Whatever's here isn't Lamarckian
In this case, the caveat offered by the Tang paper's authors that the escapee regions "may be sensitive to environmentally induced variations in methylation [marking] in individual embryo [sic] that could persist over a short term or might even become heritable. As such, they are potential candidates for transgenerational epigenetic inheritance." This is unexceptionable, but again it is the same tautology, phrased to hint at something remarkable.
The idea is often raised that such transgenerational phenomena, affected by experience, would overthrow Darwin, cause a 'paradigm shift' and be truly remarkable if not dramatic. The phenomenon is interesting, and important to the extent that it happens, and would change some aspects of evolution from our usual idea of it, there is nothing all that new and nothing at all 'Lamarckian' about it. So to whatever extent marking patterns are inherited and a response to experience, they don't challenge evolutionary theory in that way.
For example, an important fact about evolutionary generalization that probably only a small fraction of biologists expounding on the heresy of Lamarckism or proclaiming a conceptual revolution, is that plants do regularly have transmission of acquired traits. Germ lines in many plants develop from the meristem cells, at the ends of the same individual plant's branches. Whatever environmentally based genome marking, or mutations and their effects, have occurred during the life of a given branch will be transmitted to its gametes. What happens in the other meristems of the plant may or may not be similar as they are independent cell lineages branching--literally!--from the original seed.

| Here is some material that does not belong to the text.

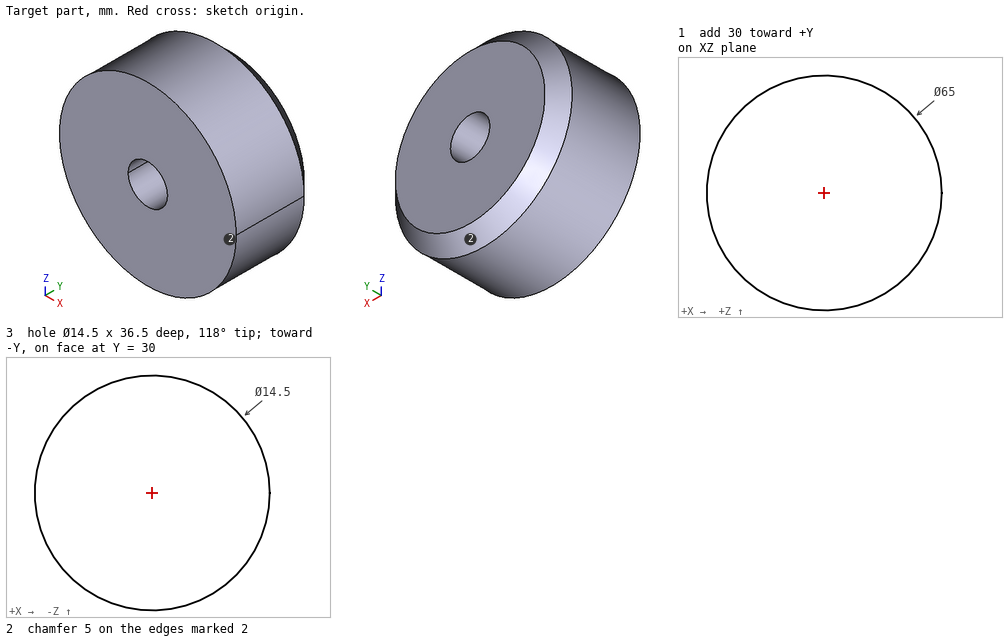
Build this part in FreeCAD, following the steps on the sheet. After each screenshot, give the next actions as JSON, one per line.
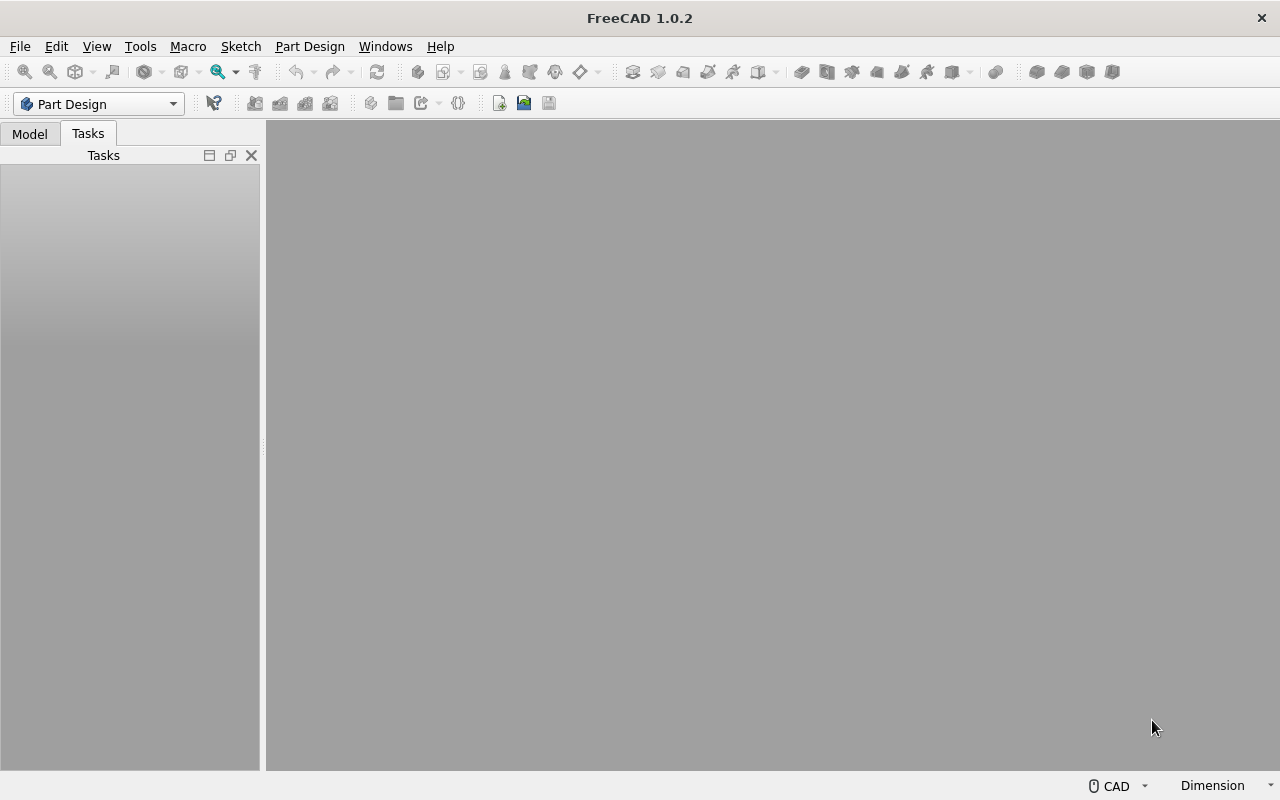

But this, while important and different from how we usually think of inheritance is not all that different from our own condition. Germline lineages divide into separate egg or sperm cells, and mutations can occur in one but not the others of these cells in an individual. Presumably, marking can do that as well.

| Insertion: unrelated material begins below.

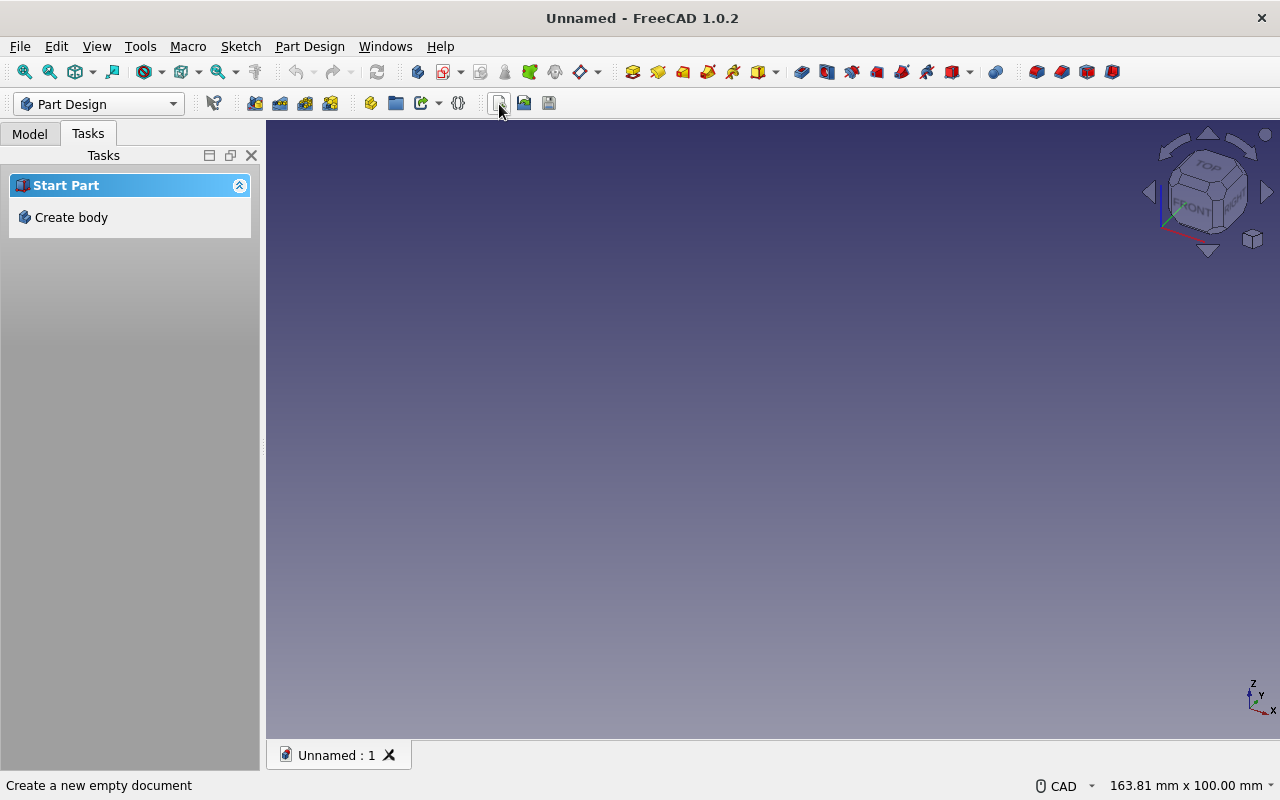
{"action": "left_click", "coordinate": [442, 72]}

A core epigenetic question is how permanent are these settings and how are they set and removed specifically. Hard-to-change settings, like hard to mutate genetic variants, could be part of evolution that would modify our theory in what may seem like a kind of Lamarckian way, but in fact they are still 'Darwinian' in that they are set by environmental conditions imposed on the individual, that is, the set-determining conditions are external rather than internal.

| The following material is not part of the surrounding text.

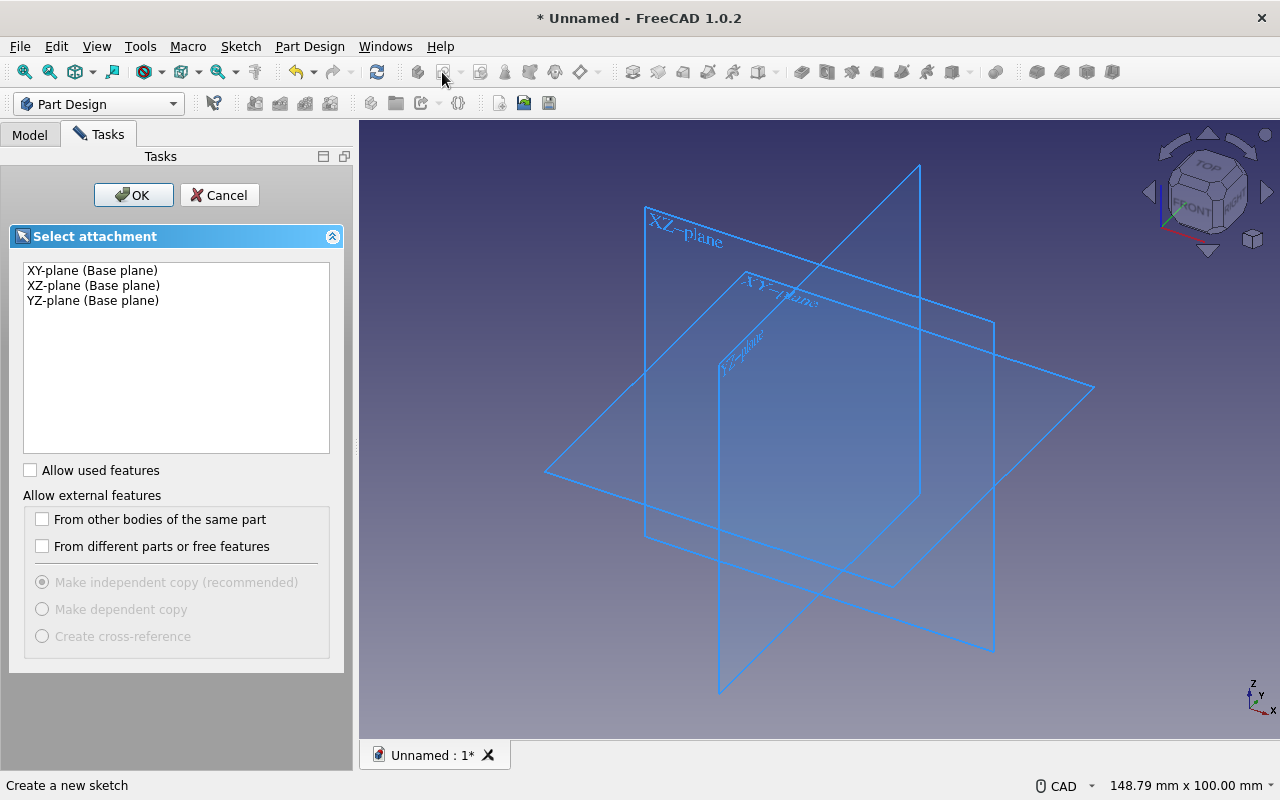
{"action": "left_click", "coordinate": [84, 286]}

Right now, enough is unknown that we cannot take seriously any claim that this is a fundamentally different aspect of inheritance that will modify evolutionary theory except, at most, in some details. But such modification is always happening to any scientific theory, and is healthy for science. Epigenetic inheritance would join DNA-sequence inheritance as the mechanism of evolutionary change. We'd just have to welcome it and wonder at why we didn't think it happened. But there would be little if any real 'paradigm shift'. Future work will show what's true.
Indeed, if we think about this carefully, we might not so easily dismiss things, sneeringly, as being 'Lamarckian'. Tomorrow, we'll examine a bit more closely what it was that Lamarck actually said, and to what extent he deserves the ridicule that is so consistently directed at him.